Jan 6 Commission says it has new evidence of Trump pressure on the Justice Department.


The House committee investigating the Jan. 6 attack on the Capitol plans to release new evidence Thursday about how President Donald J. Trump attempted to manipulate the Department of Justice to help him cling to power after losing the 2020 election, aides said.

In its fifth public hearing this month, scheduled for 3 p.m. Thursday, the committee plans to hear testimony from three former senior Justice Department officials who are expected to outline the ways in which Mr. Trump has attempted to abuse the attorney general’s office to strike down. His defeat, an unusual example of a president interfering with the country’s law enforcement to his own personal ends.

Committee aides said the committee would detail how Mr.
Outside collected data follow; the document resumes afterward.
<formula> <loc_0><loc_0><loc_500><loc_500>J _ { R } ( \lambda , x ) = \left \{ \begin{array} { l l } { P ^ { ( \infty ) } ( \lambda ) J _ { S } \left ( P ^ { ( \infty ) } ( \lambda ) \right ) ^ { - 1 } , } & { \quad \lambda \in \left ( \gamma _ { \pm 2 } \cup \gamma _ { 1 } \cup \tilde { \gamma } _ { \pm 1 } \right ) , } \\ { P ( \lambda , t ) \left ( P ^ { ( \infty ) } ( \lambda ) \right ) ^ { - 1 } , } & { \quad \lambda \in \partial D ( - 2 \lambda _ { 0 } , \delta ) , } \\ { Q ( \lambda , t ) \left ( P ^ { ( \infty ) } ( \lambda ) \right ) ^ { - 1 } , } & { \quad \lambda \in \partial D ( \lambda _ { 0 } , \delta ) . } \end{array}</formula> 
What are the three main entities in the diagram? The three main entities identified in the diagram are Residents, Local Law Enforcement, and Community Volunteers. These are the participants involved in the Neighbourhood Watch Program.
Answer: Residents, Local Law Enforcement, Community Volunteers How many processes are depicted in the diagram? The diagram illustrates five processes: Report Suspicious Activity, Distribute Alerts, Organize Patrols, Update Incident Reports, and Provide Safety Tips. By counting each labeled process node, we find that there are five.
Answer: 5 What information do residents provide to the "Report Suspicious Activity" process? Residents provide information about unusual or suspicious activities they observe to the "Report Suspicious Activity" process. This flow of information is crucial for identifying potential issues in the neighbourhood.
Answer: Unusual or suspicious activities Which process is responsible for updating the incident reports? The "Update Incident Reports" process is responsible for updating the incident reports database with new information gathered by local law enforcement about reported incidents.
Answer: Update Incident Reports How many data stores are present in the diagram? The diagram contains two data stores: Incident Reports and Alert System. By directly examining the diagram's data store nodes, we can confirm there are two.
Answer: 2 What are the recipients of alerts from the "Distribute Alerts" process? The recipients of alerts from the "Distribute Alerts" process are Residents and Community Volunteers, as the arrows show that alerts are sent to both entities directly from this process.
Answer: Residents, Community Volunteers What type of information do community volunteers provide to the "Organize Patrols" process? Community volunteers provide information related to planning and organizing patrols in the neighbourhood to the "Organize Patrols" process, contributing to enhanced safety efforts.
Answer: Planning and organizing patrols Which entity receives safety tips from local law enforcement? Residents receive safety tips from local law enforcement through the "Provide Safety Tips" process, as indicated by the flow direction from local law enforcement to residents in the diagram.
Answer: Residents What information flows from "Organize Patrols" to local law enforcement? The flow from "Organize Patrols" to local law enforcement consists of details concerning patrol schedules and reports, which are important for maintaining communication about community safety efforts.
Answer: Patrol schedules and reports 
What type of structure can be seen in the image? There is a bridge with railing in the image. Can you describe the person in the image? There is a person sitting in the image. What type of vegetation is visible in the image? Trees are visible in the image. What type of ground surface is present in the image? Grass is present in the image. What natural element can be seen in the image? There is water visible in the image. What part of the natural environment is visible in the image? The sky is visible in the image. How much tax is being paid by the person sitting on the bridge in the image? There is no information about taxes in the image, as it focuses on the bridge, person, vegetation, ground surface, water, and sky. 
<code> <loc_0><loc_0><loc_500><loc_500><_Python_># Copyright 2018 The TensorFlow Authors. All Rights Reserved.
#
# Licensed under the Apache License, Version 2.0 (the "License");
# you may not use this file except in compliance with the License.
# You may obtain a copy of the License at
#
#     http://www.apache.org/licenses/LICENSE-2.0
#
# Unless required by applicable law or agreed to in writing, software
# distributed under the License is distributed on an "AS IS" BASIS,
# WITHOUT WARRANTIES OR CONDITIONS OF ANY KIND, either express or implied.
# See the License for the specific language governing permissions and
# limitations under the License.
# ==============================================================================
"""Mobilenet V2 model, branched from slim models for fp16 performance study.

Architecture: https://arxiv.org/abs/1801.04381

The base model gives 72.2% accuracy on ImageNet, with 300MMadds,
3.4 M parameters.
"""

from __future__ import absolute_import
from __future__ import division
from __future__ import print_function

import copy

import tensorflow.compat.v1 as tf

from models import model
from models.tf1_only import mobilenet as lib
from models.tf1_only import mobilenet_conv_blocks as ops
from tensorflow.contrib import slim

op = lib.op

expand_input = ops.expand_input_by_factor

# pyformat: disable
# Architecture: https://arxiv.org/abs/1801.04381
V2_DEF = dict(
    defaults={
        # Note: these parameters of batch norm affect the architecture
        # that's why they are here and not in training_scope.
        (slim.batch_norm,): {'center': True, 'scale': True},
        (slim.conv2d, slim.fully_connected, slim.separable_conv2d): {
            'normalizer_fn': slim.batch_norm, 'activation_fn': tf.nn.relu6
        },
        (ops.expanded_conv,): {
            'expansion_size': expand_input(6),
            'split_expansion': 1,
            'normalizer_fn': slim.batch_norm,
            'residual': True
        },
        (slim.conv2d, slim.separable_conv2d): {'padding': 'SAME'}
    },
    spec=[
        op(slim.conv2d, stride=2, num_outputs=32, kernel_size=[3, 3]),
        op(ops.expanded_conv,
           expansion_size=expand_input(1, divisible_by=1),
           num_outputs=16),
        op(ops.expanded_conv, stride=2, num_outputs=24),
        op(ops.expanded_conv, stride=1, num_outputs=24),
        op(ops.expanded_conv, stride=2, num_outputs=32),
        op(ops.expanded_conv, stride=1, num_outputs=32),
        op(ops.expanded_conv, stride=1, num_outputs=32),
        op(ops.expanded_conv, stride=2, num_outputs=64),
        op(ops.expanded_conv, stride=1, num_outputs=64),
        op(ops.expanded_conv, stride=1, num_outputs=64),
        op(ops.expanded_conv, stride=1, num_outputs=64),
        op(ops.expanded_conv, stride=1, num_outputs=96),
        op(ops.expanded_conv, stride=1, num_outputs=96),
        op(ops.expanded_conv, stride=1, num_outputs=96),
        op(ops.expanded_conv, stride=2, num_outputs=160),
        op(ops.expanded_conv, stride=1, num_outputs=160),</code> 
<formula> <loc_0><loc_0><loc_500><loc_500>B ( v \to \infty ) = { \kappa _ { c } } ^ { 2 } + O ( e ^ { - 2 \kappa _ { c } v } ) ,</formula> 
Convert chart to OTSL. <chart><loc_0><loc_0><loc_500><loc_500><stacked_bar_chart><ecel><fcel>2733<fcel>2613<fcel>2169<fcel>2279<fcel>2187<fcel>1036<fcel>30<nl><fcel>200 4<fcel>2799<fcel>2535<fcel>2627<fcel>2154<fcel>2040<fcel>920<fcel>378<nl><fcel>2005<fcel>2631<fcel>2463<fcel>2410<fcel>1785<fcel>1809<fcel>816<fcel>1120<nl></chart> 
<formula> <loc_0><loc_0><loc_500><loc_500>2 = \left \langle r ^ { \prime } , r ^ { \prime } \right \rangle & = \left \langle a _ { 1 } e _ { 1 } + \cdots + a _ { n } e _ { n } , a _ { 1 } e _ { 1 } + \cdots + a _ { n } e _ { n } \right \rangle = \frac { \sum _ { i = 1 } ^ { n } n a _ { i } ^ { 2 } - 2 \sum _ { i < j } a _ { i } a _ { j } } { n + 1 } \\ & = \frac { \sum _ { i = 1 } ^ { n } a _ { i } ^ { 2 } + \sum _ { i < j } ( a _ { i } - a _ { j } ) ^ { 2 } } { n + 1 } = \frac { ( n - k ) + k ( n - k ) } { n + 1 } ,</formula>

Trump unsuccessfully pushed administration officials to falsely declare the existence of widespread election fraud, to file lawsuits in favor of his campaign and to appoint a conspiracy theorist as special counsel to investigate the election. It will also trace his failed efforts to send false messages to state officials to sabotage the election results, and finally to Replacing the Acting Attorney Generalwho refused to keep pace with his plans.

Trump eventually backed down after agency officials threatened mass resignations, but the committee presents his actions as a critical step in a multi-level effort by the former president to sabotage the election.

The witnesses scheduled to testify are Jeffrey A. Rosen, Acting Attorney General; Richard B. and Steven A. Engel, former Assistant Attorney General for the Office of Legal Counsel.

Representative Adam Kinzinger, a Republican from Illinois and a member of the committee, is expected to play a central role in questioning witnesses and providing evidence. He hinted that the hearing may reveal more information about members of Congress who sought pardons after January 6.

Trump’s attempt to interfere with the Justice Department’s business to keep his office well was documented by both the Senate Judiciary Committee and the House Committee on Jan. 6, but House investigation aides said Thursday’s hearing will contain new suggestions. .

Time and time again, department officials told Trump after the election that his allegations of widespread fraud were false, and prompted him to retract some of his more radical proposals.

One dramatic moment came at the Oval Office meeting on January 3, 2021, when Jeffrey ClarkAn unidentified attorney in the department who has been strategizing how to keep Mr. Trump in power suggested that the agency issue a legal opinion to Vice President Mike Pence telling him what actions he could take during the joint session of Congress. Three days later, when lawmakers were scheduled to meet for the official election count that would confirm Joseph R. Biden Jr.

“This is a ridiculous idea,” Mr. Engel interjected, according to testimony he gave before the commission. “It is not the role of the Department of Justice to provide legislative officials with legal advice on the scope of their duties.”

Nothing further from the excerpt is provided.